The United States “has the most progressive tax system in the developed world,” says economist Adam Michel:
The United States places an unusually heavy share of the tax burden on higher earners. You wouldn’t know this from hearing some politicians claim that the rich escape next to tax-free or deserve to be taxed at higher rates. In reality, the data show the opposite. The most recent example is a study by the Fraser Institute, which shows the US ranks first out of 33 developed countries as having the most progressive tax system.
Progressive tax systems, where tax rates and tax shares increase with income, are often idealized by big-government redistributionists, but they come with trade-offs. As tax systems become more progressive, they make each additional hour of work or investment less rewarding, weakening incentives to work longer hours, take entrepreneurial risks, start new ventures, or invest in continuing education. Over time, these effects compound, slowing economic progress and material well-being for everyone. Highly progressive tax systems are also more volatile revenue sources, unfairly treat similar citizens in vastly different ways, encourage avoidance and evasion, and increase administrative complexity.
The Fraser Institute authors construct an index of five measures of a tax system’s progressivity, capturing differences between the top and bottom income tax rates, the top bracket threshold and personal exemptions as a share of the average wage, the income tax share of total revenue, and the consumption tax share of total revenue. The final index, summarized in Figure 1, ranks countries from 0 to 10, with 10 being the most progressive tax system.
More at this link: https://www.cato.org/blog/united-states-has-most-progressive-tax-system-developed-world
In other news, the low-income housing tax credit (LIHTC) drives cost inflation in “affordable” housing projects, while costing taxpayers $14 billion per year, explains a news article in the Washington Post. This echoes what economists have been saying for years.
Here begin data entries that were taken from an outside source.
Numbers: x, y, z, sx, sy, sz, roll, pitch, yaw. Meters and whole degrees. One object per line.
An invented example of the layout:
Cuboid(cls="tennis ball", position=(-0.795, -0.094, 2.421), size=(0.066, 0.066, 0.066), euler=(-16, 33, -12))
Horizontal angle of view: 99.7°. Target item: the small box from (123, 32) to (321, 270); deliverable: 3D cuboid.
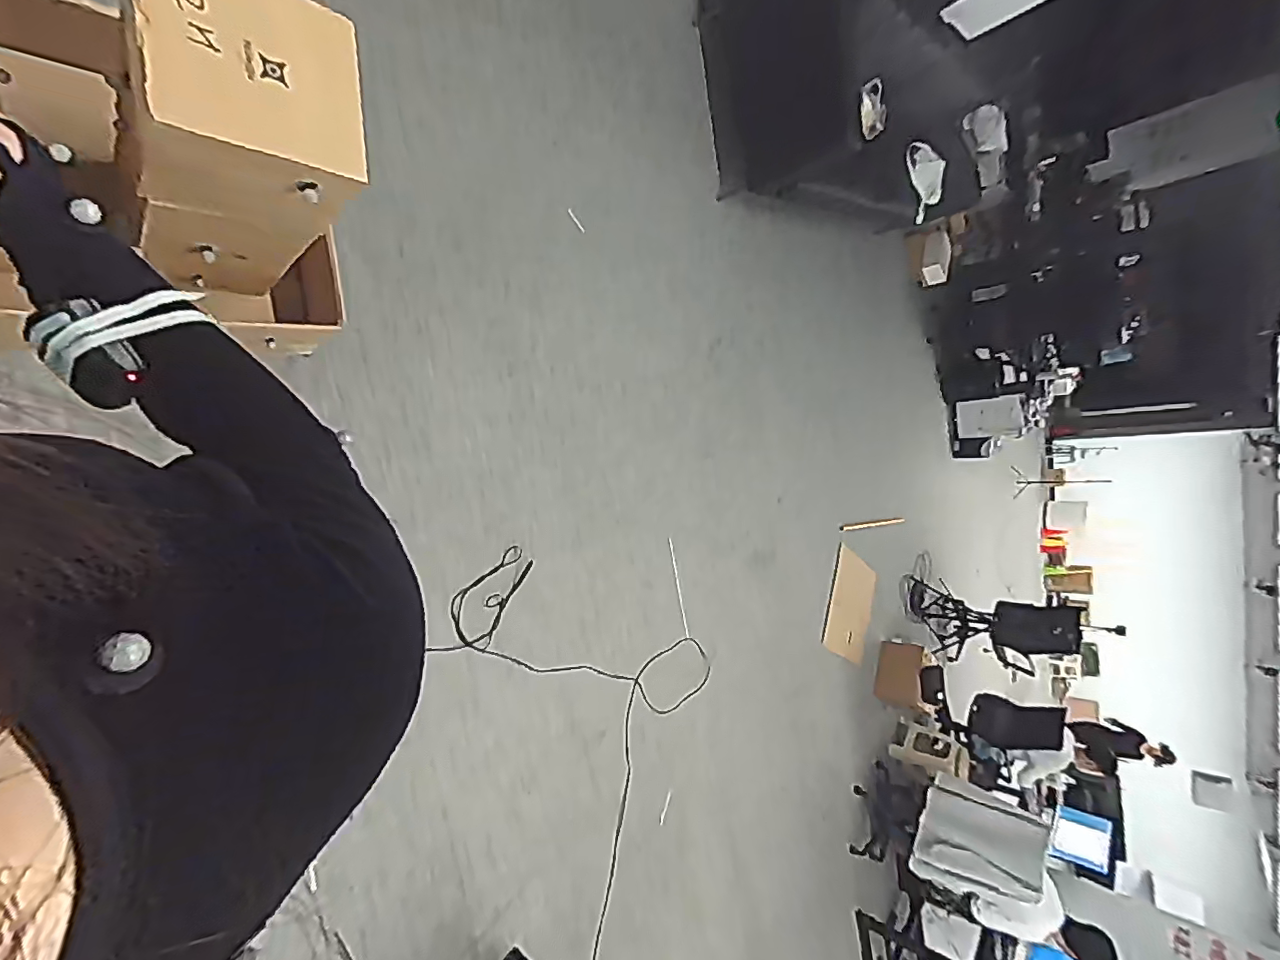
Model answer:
Cuboid(cls="small box", position=(-0.522, -0.386, 0.676), size=(0.168, 0.176, 0.179), euler=(-8, 96, -44))

As Cato Institute economist Adam Michel explains, the low-income housing tax credit “inflates construction costs, crowds out market-based development, and funnels most of its benefits to investors and developers instead of renters….Complexity. The LIHTC has spawned a compliance industry of lawyers, accountants, and consultants. The statute, IRS regulations, and compliance guides span more than 2,000 pages, entailing huge bureaucratic overhead….Fraud and corruption. With minimal oversight, the program is ripe for abuse. Because state and local officials have discretion in awarding credits, it has been associated with numerous scandals involving public officials and politically connected developers. Doesn’t help renters. Statistical studies suggest that as much as two-thirds of LIHTC benefits are captured by investors and developers…Crowd out. Rather than expanding the overall housing supply, LIHTC projects often displace or delay private construction that would have happened anyway, adding costs without adding new housing units.”